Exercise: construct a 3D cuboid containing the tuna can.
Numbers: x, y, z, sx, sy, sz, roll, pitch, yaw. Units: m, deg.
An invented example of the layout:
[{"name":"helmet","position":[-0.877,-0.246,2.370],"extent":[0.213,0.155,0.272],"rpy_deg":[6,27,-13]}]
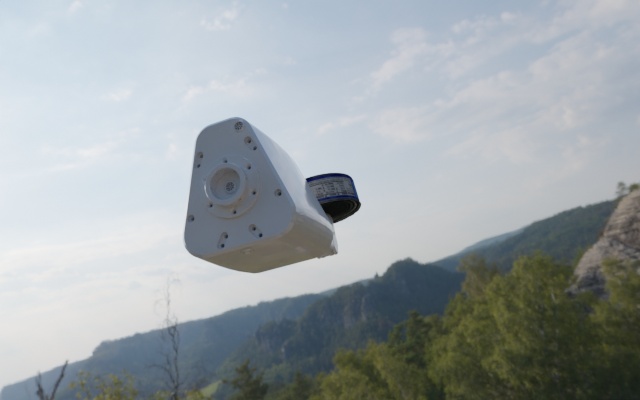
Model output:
[{"name":"tuna can","position":[0.000,0.001,0.535],"extent":[0.086,0.033,0.086],"rpy_deg":[-14,-19,-5]}]
----
→ Problem statement
Any picture among the entries must be skipped; copy all else exactly.

→ Solved problem
Exercise: construct a 3D cuboid containing the tuna can.
Numbers: x, y, z, sx, sy, sz, roll, pitch, yaw. Units: m, deg.
An invented example of the layout:
[{"name":"helmet","position":[-0.877,-0.246,2.370],"extent":[0.213,0.155,0.272],"rpy_deg":[6,27,-13]}]
Model output:
[{"name":"tuna can","position":[0.000,0.001,0.535],"extent":[0.086,0.033,0.086],"rpy_deg":[-14,-19,-5]}]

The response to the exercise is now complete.